The Past Is A Different State

Sometimes I make the mistake of thinking that what I see before me when I walk down the street at home is peculiar to that place. So on Saturday afternoon and evenings, I’ll walk around and get irritated by young chaps endlessly circling the town, all thick and shiny exhaust pipes, brash spoilers and engine revs, thrilling onlookers as they proceed at 10 mph along the main street in their automotive performative contradiction. And then I’ll think, only in Ireland -or if I’m feeling generous, only in Britain and Ireland- with its inclement weather, property-driven economy, do you find things like this. On the continent, they’re all hanging out languourously at one of the town’s fountains, drinking Martinis (they may have even brought their own ice), all amiably flirtatious with the coy young ladies in the calid orange sun of evening.

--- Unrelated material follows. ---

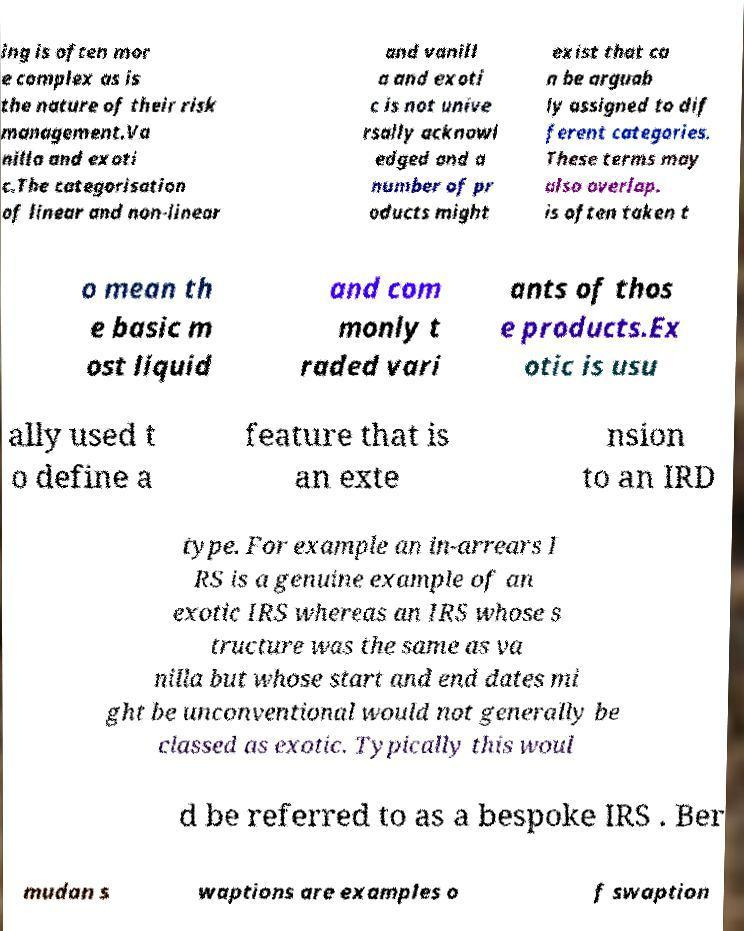I need the written content from this picture converted into text. Can you do that? ing is often mor e complex as is the nature of their risk management.Va nilla and exoti c.The categorisation of linear and non-linear and vanill a and exoti c is not unive rsally acknowl edged and a number of pr oducts might exist that ca n be arguab ly assigned to dif ferent categories. These terms may also overlap. is often taken t o mean th e basic m ost liquid and com monly t raded vari ants of thos e products.Ex otic is usu ally used t o define a feature that is an exte nsion to an IRD type. For example an in-arrears I RS is a genuine example of an exotic IRS whereas an IRS whose s tructure was the same as va nilla but whose start and end dates mi ght be unconventional would not generally be classed as exotic. Typically this woul d be referred to as a bespoke IRS . Ber mudan s waptions are examples o f swaption

Then you go on the continent, and you find out it’s mostly the same story, only with more reggaeton and zebra crossings.

Where was I going with this? Oh yes, to the matter of ‘our politicians’. Perhaps this is another instance of parochial ignorance on my part, but I am inclined to think that the usage of the phrase ‘our politicians’ is far more commonplace in Northern Irish political discourse than it is in other places.

Continue reading ‘The Past Is A Different State’

Sound Affects

Still in Spain. Today when I was in the middle of a conference call, presenting some stuff to some very important people (important on my terms anyway: they pay my wages), the driver with the loudspeaker atop the car started making its way round the block, announcing the names of the recently deceased. Since I was the one talking, I couldn’t mute my phone. I wondered if they thought my house was surrounded by cops.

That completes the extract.